━━━━━ Excerpted data

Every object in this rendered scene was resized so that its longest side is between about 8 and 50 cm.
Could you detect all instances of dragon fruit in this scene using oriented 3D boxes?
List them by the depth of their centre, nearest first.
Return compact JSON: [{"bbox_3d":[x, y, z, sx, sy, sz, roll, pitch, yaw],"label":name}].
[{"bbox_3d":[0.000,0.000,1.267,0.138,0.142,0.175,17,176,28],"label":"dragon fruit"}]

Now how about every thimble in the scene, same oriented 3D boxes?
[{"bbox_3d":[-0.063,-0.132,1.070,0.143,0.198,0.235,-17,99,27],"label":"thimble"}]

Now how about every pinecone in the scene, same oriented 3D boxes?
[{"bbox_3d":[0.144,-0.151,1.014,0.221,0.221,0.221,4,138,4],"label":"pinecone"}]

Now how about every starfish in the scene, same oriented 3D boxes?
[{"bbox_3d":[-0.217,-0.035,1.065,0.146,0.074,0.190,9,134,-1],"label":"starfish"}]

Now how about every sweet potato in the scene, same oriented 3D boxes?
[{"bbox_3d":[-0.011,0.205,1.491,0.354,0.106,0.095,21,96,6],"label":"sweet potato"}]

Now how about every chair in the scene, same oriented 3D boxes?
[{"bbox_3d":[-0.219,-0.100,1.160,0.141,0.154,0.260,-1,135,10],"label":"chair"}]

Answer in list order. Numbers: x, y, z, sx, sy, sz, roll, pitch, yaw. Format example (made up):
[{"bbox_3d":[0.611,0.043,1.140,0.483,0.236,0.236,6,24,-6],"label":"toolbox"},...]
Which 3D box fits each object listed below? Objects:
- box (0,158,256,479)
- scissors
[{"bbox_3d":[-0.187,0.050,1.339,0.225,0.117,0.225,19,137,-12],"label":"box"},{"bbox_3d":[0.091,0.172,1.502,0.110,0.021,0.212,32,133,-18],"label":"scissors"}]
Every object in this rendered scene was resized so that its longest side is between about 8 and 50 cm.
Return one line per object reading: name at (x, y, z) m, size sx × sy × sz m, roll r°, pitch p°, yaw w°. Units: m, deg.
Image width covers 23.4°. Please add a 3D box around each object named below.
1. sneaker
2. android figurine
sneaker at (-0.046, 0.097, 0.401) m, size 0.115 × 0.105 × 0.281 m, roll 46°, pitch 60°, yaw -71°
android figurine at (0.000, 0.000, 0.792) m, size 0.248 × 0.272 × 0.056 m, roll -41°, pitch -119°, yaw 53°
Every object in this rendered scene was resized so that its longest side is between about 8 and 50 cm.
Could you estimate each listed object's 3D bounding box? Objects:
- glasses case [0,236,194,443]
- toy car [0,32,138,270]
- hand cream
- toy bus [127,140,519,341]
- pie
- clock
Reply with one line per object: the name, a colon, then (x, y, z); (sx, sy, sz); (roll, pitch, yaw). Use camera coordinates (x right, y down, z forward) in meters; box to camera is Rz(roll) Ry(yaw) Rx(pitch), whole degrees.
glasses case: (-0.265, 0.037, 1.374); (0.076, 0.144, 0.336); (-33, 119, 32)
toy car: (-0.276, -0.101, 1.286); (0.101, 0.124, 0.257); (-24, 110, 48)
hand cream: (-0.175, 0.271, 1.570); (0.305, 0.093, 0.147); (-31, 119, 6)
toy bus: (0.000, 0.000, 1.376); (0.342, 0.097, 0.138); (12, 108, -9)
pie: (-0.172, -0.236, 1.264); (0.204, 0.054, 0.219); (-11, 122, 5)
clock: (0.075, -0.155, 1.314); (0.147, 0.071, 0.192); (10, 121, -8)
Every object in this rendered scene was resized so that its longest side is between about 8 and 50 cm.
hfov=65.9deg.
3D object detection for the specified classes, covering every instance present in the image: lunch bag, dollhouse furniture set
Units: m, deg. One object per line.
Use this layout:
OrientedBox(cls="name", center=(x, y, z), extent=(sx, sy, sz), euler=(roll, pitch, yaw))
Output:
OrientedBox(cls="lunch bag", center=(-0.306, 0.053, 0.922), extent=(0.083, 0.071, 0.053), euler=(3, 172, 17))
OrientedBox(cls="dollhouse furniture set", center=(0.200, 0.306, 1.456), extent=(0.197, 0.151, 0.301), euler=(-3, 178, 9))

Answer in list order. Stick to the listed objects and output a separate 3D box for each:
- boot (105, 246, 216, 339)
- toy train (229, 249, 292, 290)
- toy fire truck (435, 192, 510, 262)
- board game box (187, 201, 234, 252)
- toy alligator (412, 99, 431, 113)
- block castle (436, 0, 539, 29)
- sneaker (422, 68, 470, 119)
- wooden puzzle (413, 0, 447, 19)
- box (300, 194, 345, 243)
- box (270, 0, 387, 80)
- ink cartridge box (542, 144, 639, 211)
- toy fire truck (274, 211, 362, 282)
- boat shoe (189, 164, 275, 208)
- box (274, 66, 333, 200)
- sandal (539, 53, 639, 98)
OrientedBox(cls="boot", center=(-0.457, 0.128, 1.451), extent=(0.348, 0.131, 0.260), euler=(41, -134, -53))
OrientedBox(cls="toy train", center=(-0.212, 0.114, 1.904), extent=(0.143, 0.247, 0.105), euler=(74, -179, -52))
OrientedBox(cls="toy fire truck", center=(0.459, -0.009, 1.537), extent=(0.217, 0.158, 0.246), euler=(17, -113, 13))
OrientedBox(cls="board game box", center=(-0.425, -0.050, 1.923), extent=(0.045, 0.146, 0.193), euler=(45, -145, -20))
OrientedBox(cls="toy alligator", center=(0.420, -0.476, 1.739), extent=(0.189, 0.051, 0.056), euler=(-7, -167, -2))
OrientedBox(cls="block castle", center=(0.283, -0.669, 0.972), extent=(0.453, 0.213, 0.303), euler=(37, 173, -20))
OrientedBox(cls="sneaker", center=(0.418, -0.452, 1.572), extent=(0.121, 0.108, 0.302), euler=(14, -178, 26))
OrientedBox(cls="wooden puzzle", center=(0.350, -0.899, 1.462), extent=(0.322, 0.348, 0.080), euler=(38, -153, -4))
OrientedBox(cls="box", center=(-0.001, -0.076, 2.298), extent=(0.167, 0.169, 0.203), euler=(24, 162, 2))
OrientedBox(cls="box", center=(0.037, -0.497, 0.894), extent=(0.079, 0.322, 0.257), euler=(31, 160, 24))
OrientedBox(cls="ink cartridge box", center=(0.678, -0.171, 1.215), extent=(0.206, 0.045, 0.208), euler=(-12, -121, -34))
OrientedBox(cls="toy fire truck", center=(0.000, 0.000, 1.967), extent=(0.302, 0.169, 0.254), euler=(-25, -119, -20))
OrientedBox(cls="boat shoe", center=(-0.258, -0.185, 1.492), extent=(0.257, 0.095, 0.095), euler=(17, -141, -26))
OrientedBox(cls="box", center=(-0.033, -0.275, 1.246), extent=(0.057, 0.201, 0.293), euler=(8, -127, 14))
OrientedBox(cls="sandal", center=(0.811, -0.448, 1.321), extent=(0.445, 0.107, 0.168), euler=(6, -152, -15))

━━━━━━━━━━

§ **Task brief**
Only exact copies of the lines from the one containing "- box (300, 194, 345, 243)" to the end of the records belong in the answer.

§ **Exercise response**
- box (300, 194, 345, 243)
- box (270, 0, 387, 80)
- ink cartridge box (542, 144, 639, 211)
- toy fire truck (274, 211, 362, 282)
- boat shoe (189, 164, 275, 208)
- box (274, 66, 333, 200)
- sandal (539, 53, 639, 98)
OrientedBox(cls="boot", center=(-0.457, 0.128, 1.451), extent=(0.348, 0.131, 0.260), euler=(41, -134, -53))
OrientedBox(cls="toy train", center=(-0.212, 0.114, 1.904), extent=(0.143, 0.247, 0.105), euler=(74, -179, -52))
OrientedBox(cls="toy fire truck", center=(0.459, -0.009, 1.537), extent=(0.217, 0.158, 0.246), euler=(17, -113, 13))
OrientedBox(cls="board game box", center=(-0.425, -0.050, 1.923), extent=(0.045, 0.146, 0.193), euler=(45, -145, -20))
OrientedBox(cls="toy alligator", center=(0.420, -0.476, 1.739), extent=(0.189, 0.051, 0.056), euler=(-7, -167, -2))
OrientedBox(cls="block castle", center=(0.283, -0.669, 0.972), extent=(0.453, 0.213, 0.303), euler=(37, 173, -20))
OrientedBox(cls="sneaker", center=(0.418, -0.452, 1.572), extent=(0.121, 0.108, 0.302), euler=(14, -178, 26))
OrientedBox(cls="wooden puzzle", center=(0.350, -0.899, 1.462), extent=(0.322, 0.348, 0.080), euler=(38, -153, -4))
OrientedBox(cls="box", center=(-0.001, -0.076, 2.298), extent=(0.167, 0.169, 0.203), euler=(24, 162, 2))
OrientedBox(cls="box", center=(0.037, -0.497, 0.894), extent=(0.079, 0.322, 0.257), euler=(31, 160, 24))
OrientedBox(cls="ink cartridge box", center=(0.678, -0.171, 1.215), extent=(0.206, 0.045, 0.208), euler=(-12, -121, -34))
OrientedBox(cls="toy fire truck", center=(0.000, 0.000, 1.967), extent=(0.302, 0.169, 0.254), euler=(-25, -119, -20))
OrientedBox(cls="boat shoe", center=(-0.258, -0.185, 1.492), extent=(0.257, 0.095, 0.095), euler=(17, -141, -26))
OrientedBox(cls="box", center=(-0.033, -0.275, 1.246), extent=(0.057, 0.201, 0.293), euler=(8, -127, 14))
OrientedBox(cls="sandal", center=(0.811, -0.448, 1.321), extent=(0.445, 0.107, 0.168), euler=(6, -152, -15))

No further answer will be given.